Zara’s slick distribution network is a big bonus though some analysts feel its cutting-edge fashions may make managing stock more tricky. H&M took to the internet earlier but its low prices and decentralised distribution network are barriers to growth.

"The higher the typical selling price of the product, the better for online growth and margins because a higher selling price can help the retailer to bear the cost of subsidised delivery," said Société Générale analyst Anne Critchlow.

In H&M's biggest market Germany, the Swedish chain charges €4.90 for delivery in three-five days, compared with €3.95 at Zara, which offers free delivery for orders over €50.

Neither can trump Zalando, which lures shoppers by offering free delivery within two days and free returns within 100 days.

Inditex now makes online sales in 27 of its 80 markets – compared with just 13 of 55 markets for H&M – although that accounts for about three-quarters of both their sales bases, a figure that will rise to about 87 per cent for H&M by the end of 2015.

The Inditex ecommerce rollout has been helped by the supply chain and centralised logistics it developed to deliver new lines to stores twice a week from huge warehouses in Spain.

Inditex and H&M’s share of global online sales of clothes and footwear is set to more than double to about $313 billion by 2018, or about 13 per cent of the total market, according to Euromonitor.

H&M, which operates from local warehouses in each of its markets, has had to invest in IT for each new online country. It plans to roll out ecommerce to another nine markets this year.

While neither firm gives figures, SocGen’s Critchlow expects ecommerce to reach nearly 8 per cent of sales at Inditex by 2020 and estimates that H&M could already be making 5-10 per cent of its sales online – helping drive 14 per cent revenue growth last year as web sales went live in France, Italy, Spain and China.

Online-only players are growing even faster, innovating with features like a new Zalando app that finds garments similar to those photographed by a user.

Zalando, launched in 2008, already ships 1,500 brands to customers in 15 countries and is the most visited fashion site in developed markets like Europe and North America, according to research, well ahead of Asos, H&M and Inditex. It aims for 20-25 per cent sales growth this year.
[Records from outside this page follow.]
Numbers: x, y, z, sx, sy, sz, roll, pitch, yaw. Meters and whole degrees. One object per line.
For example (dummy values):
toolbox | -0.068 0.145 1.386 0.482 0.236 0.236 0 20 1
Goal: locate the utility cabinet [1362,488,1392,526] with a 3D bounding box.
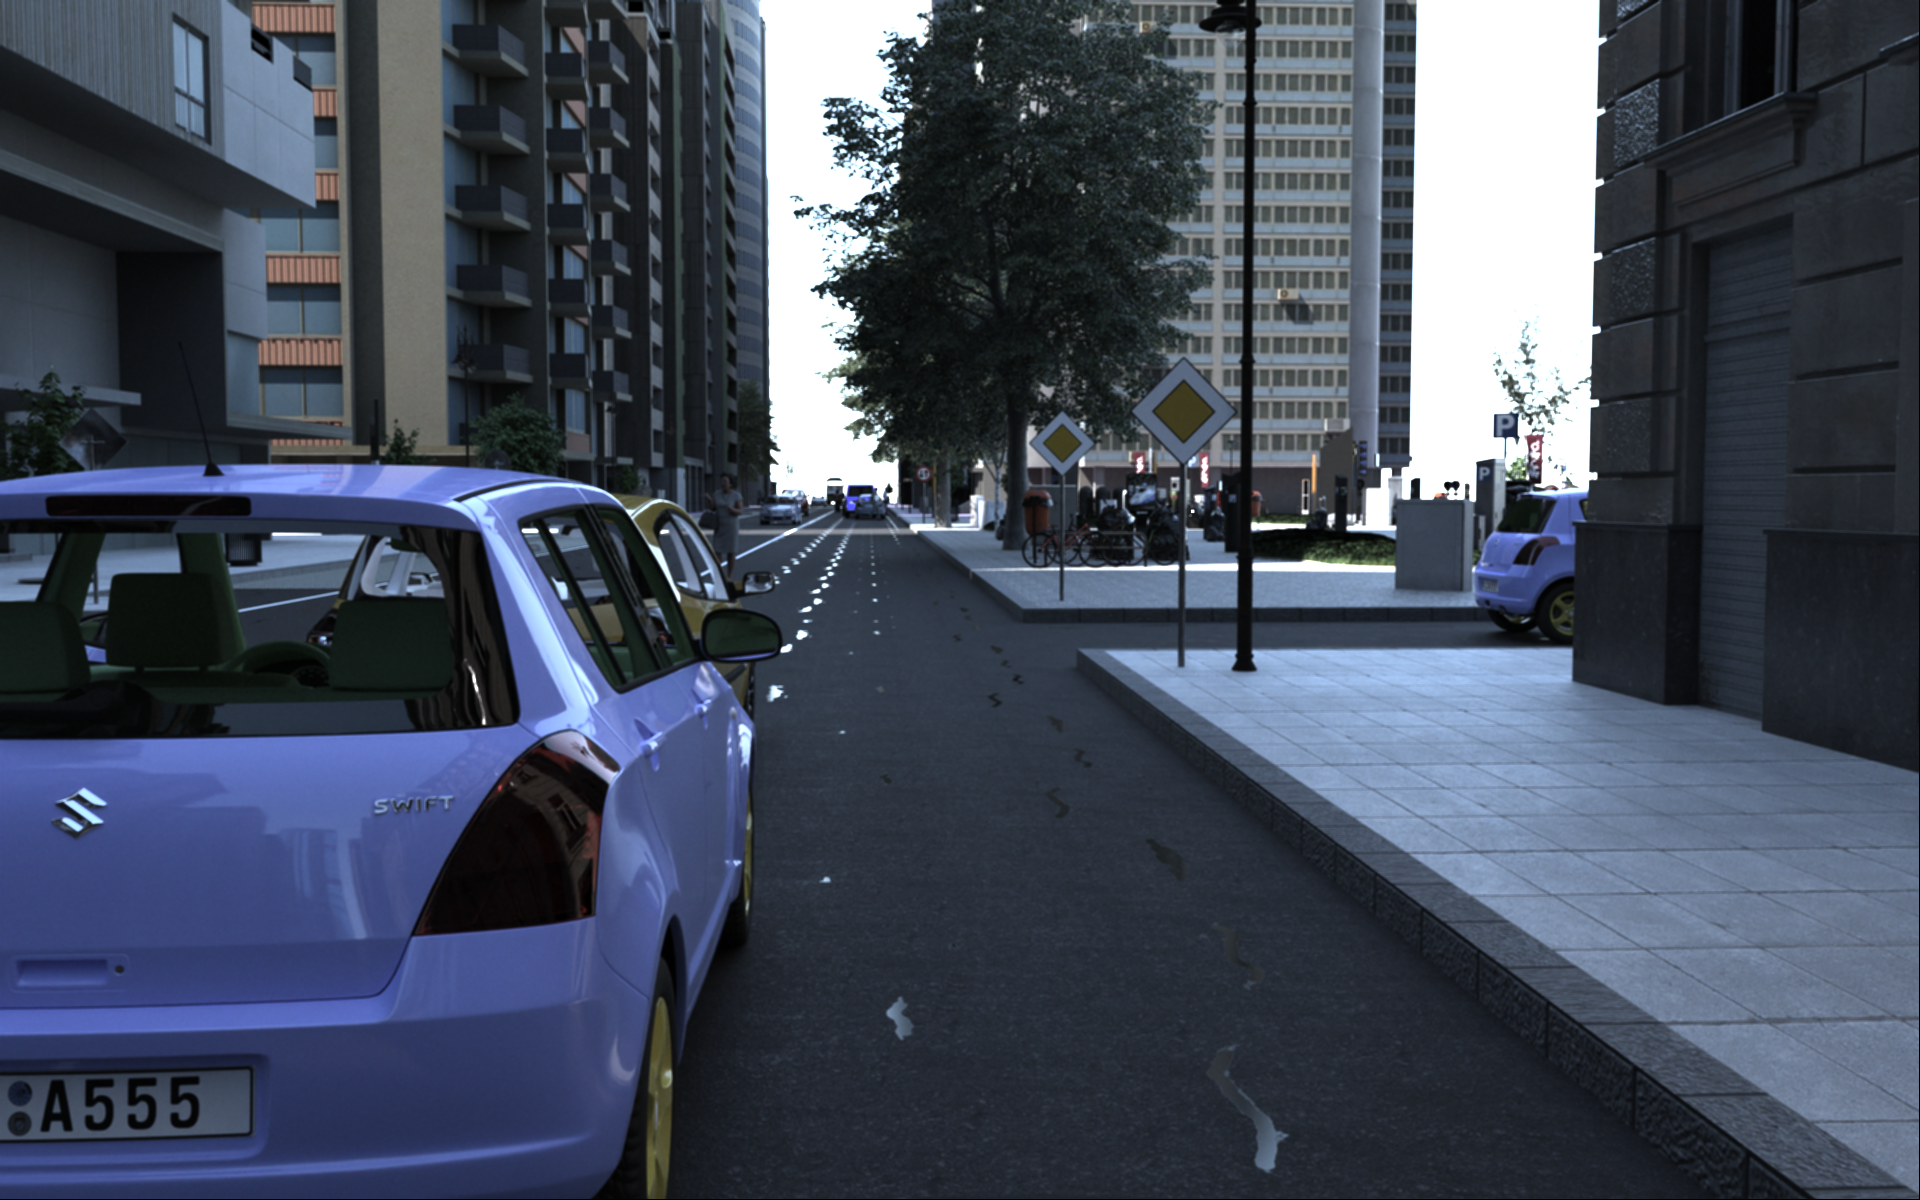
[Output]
utility cabinet | 16.616 -3.691 69.026 1.173 1.500 0.318 3 5 43

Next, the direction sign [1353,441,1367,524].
direction sign | 16.938 -5.011 73.934 0.876 3.537 0.379 -1 4 -13

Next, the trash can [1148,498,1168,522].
trash can | 6.950 -3.024 61.093 0.748 1.137 0.748 0 3 0

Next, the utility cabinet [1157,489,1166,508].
utility cabinet | 8.033 -3.744 69.888 0.318 1.500 1.173 0 4 -6

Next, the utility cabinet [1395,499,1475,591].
utility cabinet | 6.377 -0.741 23.284 0.306 1.237 1.020 -3 5 -44

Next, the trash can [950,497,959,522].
trash can | -0.394 -4.189 80.148 0.748 1.137 0.748 0 3 0

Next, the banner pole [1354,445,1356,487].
banner pole | 17.399 -5.345 77.412 0.401 3.779 0.863 -3 5 -41

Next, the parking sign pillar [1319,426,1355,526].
parking sign pillar | 15.056 -4.938 69.207 1.447 3.967 1.447 2 4 26

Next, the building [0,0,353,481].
building | -29.438 -27.095 32.235 28.713 52.752 27.495 0 4 -3

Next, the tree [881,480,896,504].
tree | -10.282 -15.718 251.595 1.663 3.219 1.824 0 3 0

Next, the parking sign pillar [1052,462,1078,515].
parking sign pillar | 4.681 -5.427 77.204 1.447 3.967 1.447 -3 5 -42

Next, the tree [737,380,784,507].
tree | -21.187 -15.489 171.374 7.486 12.596 7.792 0 3 0

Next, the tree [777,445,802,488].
tree | -24.727 -18.421 251.539 4.360 8.622 3.978 0 3 0

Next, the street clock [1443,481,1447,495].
street clock | 26.534 -5.484 94.236 0.358 2.002 0.471 -3 5 -41

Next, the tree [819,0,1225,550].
tree | 1.199 -8.126 39.522 9.857 13.997 8.962 0 3 0

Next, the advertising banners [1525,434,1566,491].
advertising banners | 17.438 -3.307 50.262 2.074 3.025 0.090 2 4 28

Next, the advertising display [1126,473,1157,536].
advertising display | 5.567 -2.930 53.118 0.974 1.923 0.123 -1 4 -18

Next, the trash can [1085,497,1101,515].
trash can | 6.173 -4.194 80.219 0.748 1.137 0.748 0 3 0

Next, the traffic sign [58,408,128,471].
traffic sign | -10.107 -1.013 20.211 0.795 2.450 0.064 0 4 -3

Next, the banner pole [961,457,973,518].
banner pole | 0.421 -6.306 93.127 0.863 3.779 0.401 1 4 15

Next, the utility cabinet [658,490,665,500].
utility cabinet | -15.301 -4.899 88.775 0.318 1.500 1.173 0 4 -7

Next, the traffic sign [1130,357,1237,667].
traffic sign | 1.643 -0.561 12.811 0.795 2.450 0.064 0 4 -3

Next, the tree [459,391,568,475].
tree | -14.176 -4.372 55.191 4.285 4.588 4.351 0 3 0

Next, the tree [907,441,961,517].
tree | -1.153 -6.919 96.834 4.285 4.588 4.351 0 3 0

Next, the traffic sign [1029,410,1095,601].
traffic sign | 1.222 -1.049 20.786 0.795 2.450 0.064 0 4 -3

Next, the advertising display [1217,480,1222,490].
advertising display | 12.407 -4.654 81.302 0.974 1.923 0.123 -3 5 -43

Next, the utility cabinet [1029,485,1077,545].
utility cabinet | 2.297 -2.101 43.034 1.173 1.500 0.318 0 3 0

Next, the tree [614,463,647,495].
tree | -17.914 -6.019 93.008 1.663 3.219 1.824 0 3 0

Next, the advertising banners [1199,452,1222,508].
advertising banners | 10.717 -4.615 71.641 2.074 3.025 0.090 3 5 45

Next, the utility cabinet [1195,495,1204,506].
utility cabinet | 12.656 -4.916 91.532 0.306 1.237 1.020 -1 4 -8

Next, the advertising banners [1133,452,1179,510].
advertising banners | 8.118 -4.597 71.355 2.074 3.025 0.090 1 4 22

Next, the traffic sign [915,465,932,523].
traffic sign | -1.589 -4.651 76.147 0.768 2.556 0.104 0 4 5

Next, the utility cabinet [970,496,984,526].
utility cabinet | 0.706 -3.657 70.953 0.306 1.237 1.020 1 4 17

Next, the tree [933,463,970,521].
tree | -0.620 -5.457 83.827 1.663 3.219 1.824 0 3 0

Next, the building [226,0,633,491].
building | -26.412 -25.669 74.307 22.147 44.769 28.867 0 4 -3

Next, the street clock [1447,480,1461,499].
street clock | 25.868 -5.249 90.384 0.358 2.002 0.471 -2 4 -25

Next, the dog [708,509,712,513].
dog | -13.251 -4.548 91.195 0.513 0.831 0.800 -1 4 -21

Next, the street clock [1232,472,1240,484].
street clock | 9.065 -3.158 56.200 0.471 2.002 0.358 -1 4 -15

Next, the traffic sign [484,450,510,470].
traffic sign | -13.396 -3.060 50.139 0.768 2.556 0.104 0 4 -1

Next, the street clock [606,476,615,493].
street clock | -14.405 -4.085 71.361 0.358 2.002 0.471 -1 4 -23

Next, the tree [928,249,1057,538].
tree | 1.048 -6.097 50.045 4.360 8.622 3.978 0 3 0

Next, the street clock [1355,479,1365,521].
street clock | 18.939 -4.746 82.167 0.471 2.002 0.358 0 4 8

Inditex says it will roll out online sales to more countries but predicts it will not have to invest so much in future following big outlays on logistics in the last few years. It has also slowed the pace of store openings, focusing more on flagship sites.

"Growth will come from people buying on the web in small towns in the middle of nowhere where it doesn't make any sense to open a Zara," said Joe Haslam, associate professor at IE Business School in Madrid.

H&M has taken steps to improve the online experience, posting more and better photos on its sites and tweaking the search function but is grappling with the need to migrate its early ecommerce markets to a new web platform.

And it has yet to allow shoppers to pick up online orders in store, a service Zara already provides and which Bryan Roberts of consultants Kantar Retail says is essential to beat online-only players as it keeps costs low and gets customers into shops to buy more. "The end-game will be click-and-collect," he said. – (Reuters)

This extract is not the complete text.